Requirement. Only the lines below from the one containing "111.7h110.4M19.1 117.2h110.4M19.3 111.8v42.6M74.3" through the one containing "126.6v1.7l.1 .2 .4" belong in the answer, set down exactly, with the pictures left out.

Record extracts.
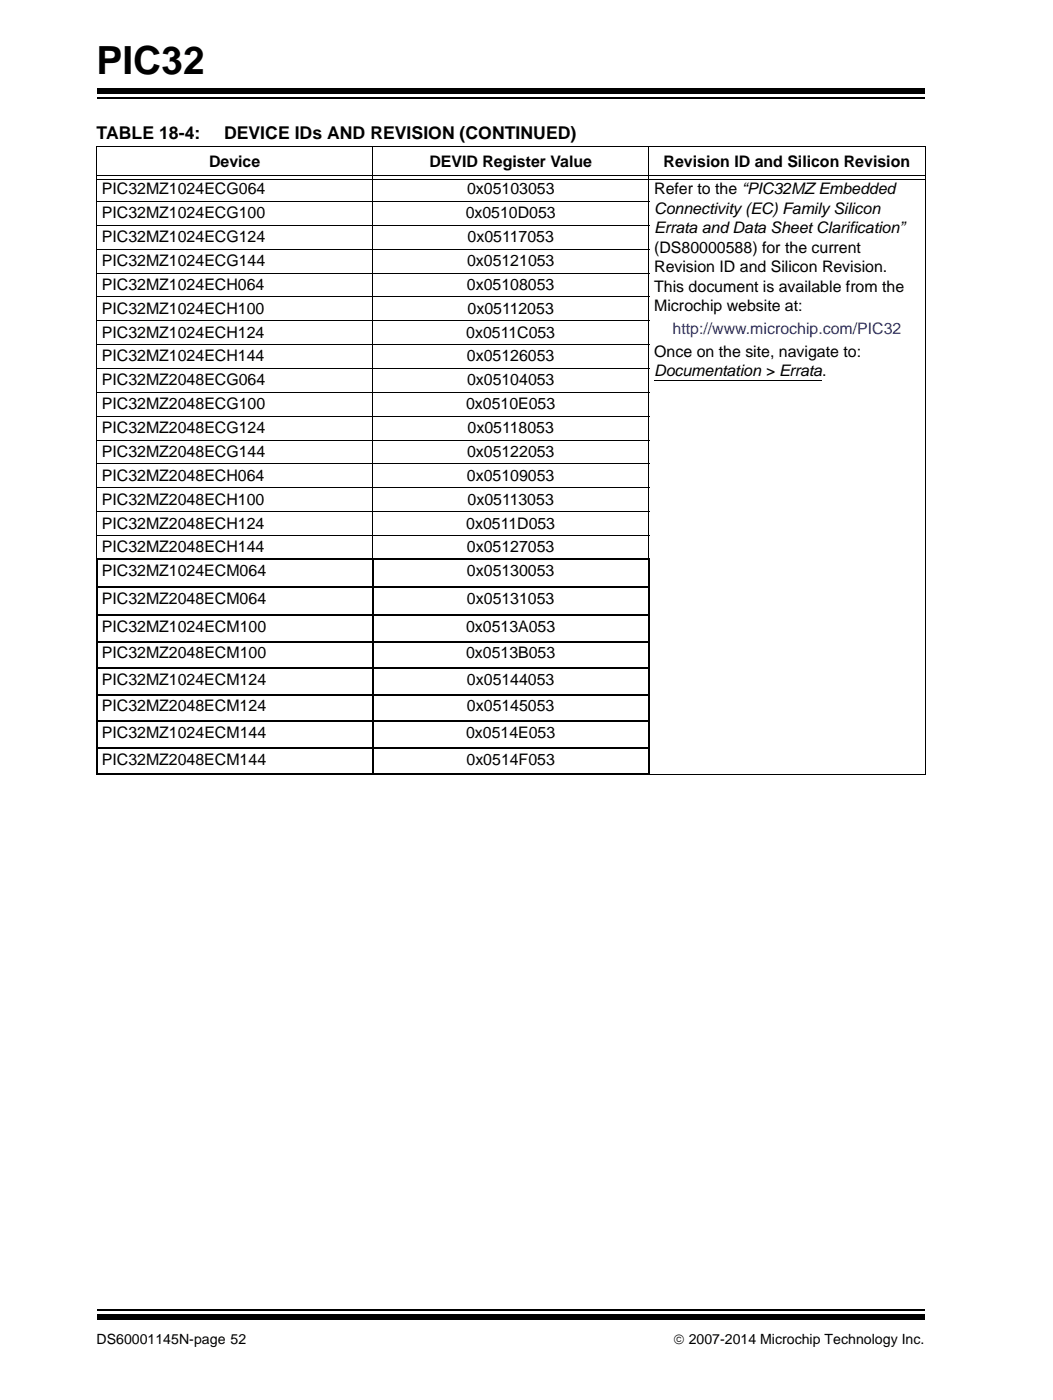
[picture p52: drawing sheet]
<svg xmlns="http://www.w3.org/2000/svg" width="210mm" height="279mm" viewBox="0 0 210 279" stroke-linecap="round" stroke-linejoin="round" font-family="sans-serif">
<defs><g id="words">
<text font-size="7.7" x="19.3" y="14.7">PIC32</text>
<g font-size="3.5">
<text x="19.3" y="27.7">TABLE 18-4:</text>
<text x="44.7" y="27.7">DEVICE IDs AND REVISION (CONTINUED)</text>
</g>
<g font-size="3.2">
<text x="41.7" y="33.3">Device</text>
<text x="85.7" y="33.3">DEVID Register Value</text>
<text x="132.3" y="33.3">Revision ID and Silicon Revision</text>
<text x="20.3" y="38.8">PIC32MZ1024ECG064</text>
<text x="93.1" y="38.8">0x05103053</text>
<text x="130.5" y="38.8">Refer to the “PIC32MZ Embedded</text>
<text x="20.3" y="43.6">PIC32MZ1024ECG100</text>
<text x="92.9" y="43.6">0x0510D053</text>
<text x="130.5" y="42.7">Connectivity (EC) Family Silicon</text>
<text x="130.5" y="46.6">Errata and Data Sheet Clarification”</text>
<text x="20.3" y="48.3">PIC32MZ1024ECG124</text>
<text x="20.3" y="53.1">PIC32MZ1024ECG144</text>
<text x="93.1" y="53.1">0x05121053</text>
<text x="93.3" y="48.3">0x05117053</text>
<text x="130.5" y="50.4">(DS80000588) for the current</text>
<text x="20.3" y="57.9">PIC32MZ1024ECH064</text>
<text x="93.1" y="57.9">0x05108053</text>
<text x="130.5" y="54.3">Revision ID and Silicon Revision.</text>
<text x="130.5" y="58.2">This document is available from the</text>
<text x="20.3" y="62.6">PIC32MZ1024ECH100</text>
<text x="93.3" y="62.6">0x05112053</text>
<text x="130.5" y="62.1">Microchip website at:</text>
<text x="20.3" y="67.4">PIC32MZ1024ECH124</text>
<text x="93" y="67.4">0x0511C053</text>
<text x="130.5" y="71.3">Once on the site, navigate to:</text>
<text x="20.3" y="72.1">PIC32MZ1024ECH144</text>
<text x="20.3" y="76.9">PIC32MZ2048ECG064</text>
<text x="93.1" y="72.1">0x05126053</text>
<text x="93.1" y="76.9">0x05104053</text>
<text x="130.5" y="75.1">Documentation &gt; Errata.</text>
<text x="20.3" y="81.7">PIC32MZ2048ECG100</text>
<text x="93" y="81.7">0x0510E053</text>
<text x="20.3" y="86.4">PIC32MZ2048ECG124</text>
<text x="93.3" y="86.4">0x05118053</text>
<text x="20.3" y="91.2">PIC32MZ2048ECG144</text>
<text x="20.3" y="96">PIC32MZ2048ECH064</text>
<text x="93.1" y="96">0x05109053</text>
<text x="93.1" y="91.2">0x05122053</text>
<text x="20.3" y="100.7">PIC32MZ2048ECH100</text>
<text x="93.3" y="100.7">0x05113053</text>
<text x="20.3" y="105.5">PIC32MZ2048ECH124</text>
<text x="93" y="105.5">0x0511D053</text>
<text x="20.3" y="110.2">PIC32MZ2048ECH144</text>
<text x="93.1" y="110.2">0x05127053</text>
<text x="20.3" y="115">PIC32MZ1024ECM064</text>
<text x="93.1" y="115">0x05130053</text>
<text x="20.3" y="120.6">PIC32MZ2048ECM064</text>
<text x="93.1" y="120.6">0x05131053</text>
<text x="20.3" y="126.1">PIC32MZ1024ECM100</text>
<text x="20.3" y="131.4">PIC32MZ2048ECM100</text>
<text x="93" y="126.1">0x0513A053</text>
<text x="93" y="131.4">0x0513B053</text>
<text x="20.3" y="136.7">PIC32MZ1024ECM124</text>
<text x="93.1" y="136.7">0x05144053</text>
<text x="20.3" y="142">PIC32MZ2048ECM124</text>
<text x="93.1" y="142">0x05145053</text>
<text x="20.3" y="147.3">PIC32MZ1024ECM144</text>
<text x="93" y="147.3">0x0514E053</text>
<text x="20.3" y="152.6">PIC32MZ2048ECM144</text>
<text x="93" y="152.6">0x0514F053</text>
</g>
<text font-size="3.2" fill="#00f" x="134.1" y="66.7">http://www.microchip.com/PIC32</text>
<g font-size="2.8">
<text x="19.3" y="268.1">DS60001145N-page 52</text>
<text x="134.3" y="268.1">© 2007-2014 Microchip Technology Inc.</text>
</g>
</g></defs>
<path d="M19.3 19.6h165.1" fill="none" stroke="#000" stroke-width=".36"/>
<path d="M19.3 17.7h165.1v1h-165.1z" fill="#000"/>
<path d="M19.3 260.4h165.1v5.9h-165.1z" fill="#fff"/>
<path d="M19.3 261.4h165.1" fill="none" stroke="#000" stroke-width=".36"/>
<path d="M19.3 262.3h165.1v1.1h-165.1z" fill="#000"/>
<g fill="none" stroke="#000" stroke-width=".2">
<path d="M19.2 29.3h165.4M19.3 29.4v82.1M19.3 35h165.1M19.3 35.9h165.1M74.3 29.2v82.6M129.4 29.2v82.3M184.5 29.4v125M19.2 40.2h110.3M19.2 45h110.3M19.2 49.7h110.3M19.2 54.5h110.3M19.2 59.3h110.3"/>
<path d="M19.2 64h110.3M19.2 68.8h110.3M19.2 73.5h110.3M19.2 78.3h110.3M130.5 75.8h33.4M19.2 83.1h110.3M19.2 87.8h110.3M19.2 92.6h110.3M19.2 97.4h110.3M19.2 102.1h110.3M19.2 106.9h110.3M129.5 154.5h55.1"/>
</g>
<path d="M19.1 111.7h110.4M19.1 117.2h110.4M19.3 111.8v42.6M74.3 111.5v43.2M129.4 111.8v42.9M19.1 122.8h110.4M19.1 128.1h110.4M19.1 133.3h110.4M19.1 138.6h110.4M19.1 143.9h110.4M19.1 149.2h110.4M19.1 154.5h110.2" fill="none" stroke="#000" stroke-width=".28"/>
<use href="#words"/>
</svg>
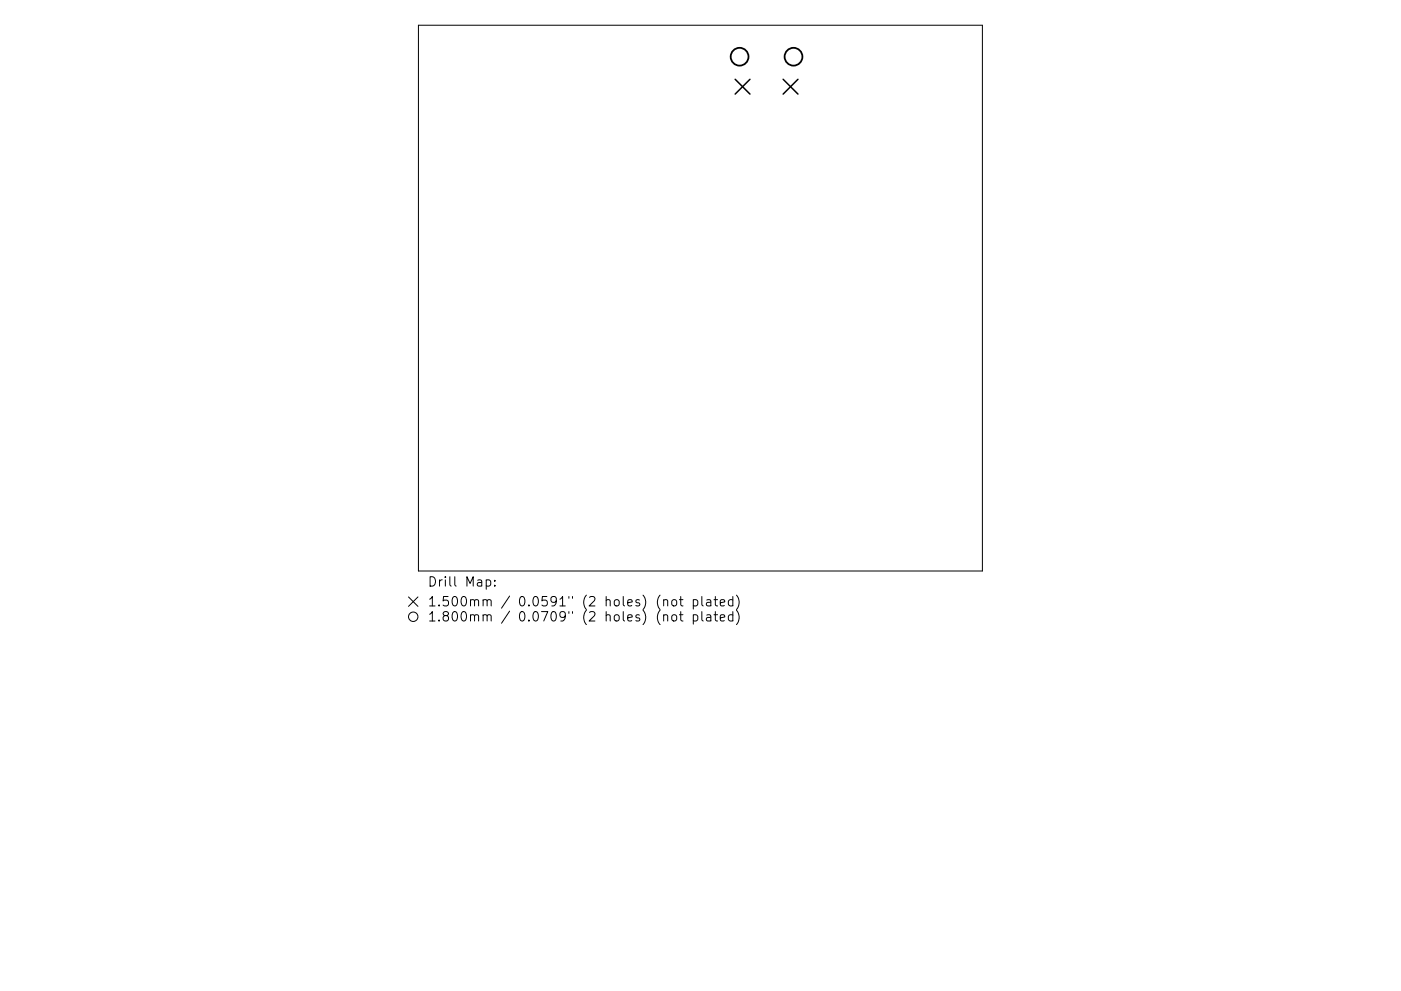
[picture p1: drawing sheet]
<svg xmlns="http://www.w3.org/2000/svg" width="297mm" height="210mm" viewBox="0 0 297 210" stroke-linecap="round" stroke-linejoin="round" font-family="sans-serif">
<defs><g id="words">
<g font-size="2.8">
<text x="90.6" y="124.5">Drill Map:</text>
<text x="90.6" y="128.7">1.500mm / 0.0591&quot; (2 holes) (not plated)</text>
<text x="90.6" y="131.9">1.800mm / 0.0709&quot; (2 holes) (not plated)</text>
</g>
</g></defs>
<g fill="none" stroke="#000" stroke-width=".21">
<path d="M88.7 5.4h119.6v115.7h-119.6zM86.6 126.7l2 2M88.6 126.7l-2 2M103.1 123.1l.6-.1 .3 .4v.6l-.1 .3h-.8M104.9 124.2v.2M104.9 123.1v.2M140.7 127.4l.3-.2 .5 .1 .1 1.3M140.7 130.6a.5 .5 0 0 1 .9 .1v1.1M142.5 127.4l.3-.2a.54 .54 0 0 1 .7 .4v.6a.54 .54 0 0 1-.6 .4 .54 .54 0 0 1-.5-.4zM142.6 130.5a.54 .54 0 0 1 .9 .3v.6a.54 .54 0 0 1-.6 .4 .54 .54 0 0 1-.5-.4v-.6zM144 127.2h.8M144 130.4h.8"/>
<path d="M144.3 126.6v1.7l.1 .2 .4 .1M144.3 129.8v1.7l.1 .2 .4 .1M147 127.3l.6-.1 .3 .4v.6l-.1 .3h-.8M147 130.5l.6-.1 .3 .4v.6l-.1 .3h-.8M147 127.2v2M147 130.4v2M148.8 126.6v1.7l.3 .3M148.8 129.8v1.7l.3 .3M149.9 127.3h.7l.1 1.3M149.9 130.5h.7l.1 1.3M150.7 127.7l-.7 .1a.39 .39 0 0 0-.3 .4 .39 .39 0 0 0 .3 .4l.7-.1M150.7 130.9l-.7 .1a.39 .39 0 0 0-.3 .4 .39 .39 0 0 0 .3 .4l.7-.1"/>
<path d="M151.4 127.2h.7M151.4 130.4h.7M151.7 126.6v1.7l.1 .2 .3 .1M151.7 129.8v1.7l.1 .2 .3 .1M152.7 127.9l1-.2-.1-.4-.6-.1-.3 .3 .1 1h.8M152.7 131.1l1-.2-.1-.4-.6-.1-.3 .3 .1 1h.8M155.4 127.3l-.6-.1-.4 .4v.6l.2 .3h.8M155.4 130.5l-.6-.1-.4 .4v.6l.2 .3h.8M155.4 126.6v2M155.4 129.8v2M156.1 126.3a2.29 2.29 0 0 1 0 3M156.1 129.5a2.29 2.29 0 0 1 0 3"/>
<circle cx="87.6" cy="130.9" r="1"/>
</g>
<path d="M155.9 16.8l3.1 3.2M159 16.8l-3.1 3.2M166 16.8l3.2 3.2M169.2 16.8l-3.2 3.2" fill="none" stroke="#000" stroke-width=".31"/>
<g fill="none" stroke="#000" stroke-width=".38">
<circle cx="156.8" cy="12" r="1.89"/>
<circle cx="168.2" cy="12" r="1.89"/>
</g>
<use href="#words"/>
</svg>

Exercise answer.
<path d="M19.1 111.7h110.4M19.1 117.2h110.4M19.3 111.8v42.6M74.3 111.5v43.2M129.4 111.8v42.9M19.1 122.8h110.4M19.1 128.1h110.4M19.1 133.3h110.4M19.1 138.6h110.4M19.1 143.9h110.4M19.1 149.2h110.4M19.1 154.5h110.2" fill="none" stroke="#000" stroke-width=".28"/>
<use href="#words"/>
</svg>
[picture p1: drawing sheet]
<svg xmlns="http://www.w3.org/2000/svg" width="297mm" height="210mm" viewBox="0 0 297 210" stroke-linecap="round" stroke-linejoin="round" font-family="sans-serif">
<defs><g id="words">
<g font-size="2.8">
<text x="90.6" y="124.5">Drill Map:</text>
<text x="90.6" y="128.7">1.500mm / 0.0591&quot; (2 holes) (not plated)</text>
<text x="90.6" y="131.9">1.800mm / 0.0709&quot; (2 holes) (not plated)</text>
</g>
</g></defs>
<g fill="none" stroke="#000" stroke-width=".21">
<path d="M88.7 5.4h119.6v115.7h-119.6zM86.6 126.7l2 2M88.6 126.7l-2 2M103.1 123.1l.6-.1 .3 .4v.6l-.1 .3h-.8M104.9 124.2v.2M104.9 123.1v.2M140.7 127.4l.3-.2 .5 .1 .1 1.3M140.7 130.6a.5 .5 0 0 1 .9 .1v1.1M142.5 127.4l.3-.2a.54 .54 0 0 1 .7 .4v.6a.54 .54 0 0 1-.6 .4 .54 .54 0 0 1-.5-.4zM142.6 130.5a.54 .54 0 0 1 .9 .3v.6a.54 .54 0 0 1-.6 .4 .54 .54 0 0 1-.5-.4v-.6zM144 127.2h.8M144 130.4h.8"/>
<path d="M144.3 126.6v1.7l.1 .2 .4 .1M144.3 129.8v1.7l.1 .2 .4 .1M147 127.3l.6-.1 .3 .4v.6l-.1 .3h-.8M147 130.5l.6-.1 .3 .4v.6l-.1 .3h-.8M147 127.2v2M147 130.4v2M148.8 126.6v1.7l.3 .3M148.8 129.8v1.7l.3 .3M149.9 127.3h.7l.1 1.3M149.9 130.5h.7l.1 1.3M150.7 127.7l-.7 .1a.39 .39 0 0 0-.3 .4 .39 .39 0 0 0 .3 .4l.7-.1M150.7 130.9l-.7 .1a.39 .39 0 0 0-.3 .4 .39 .39 0 0 0 .3 .4l.7-.1"/>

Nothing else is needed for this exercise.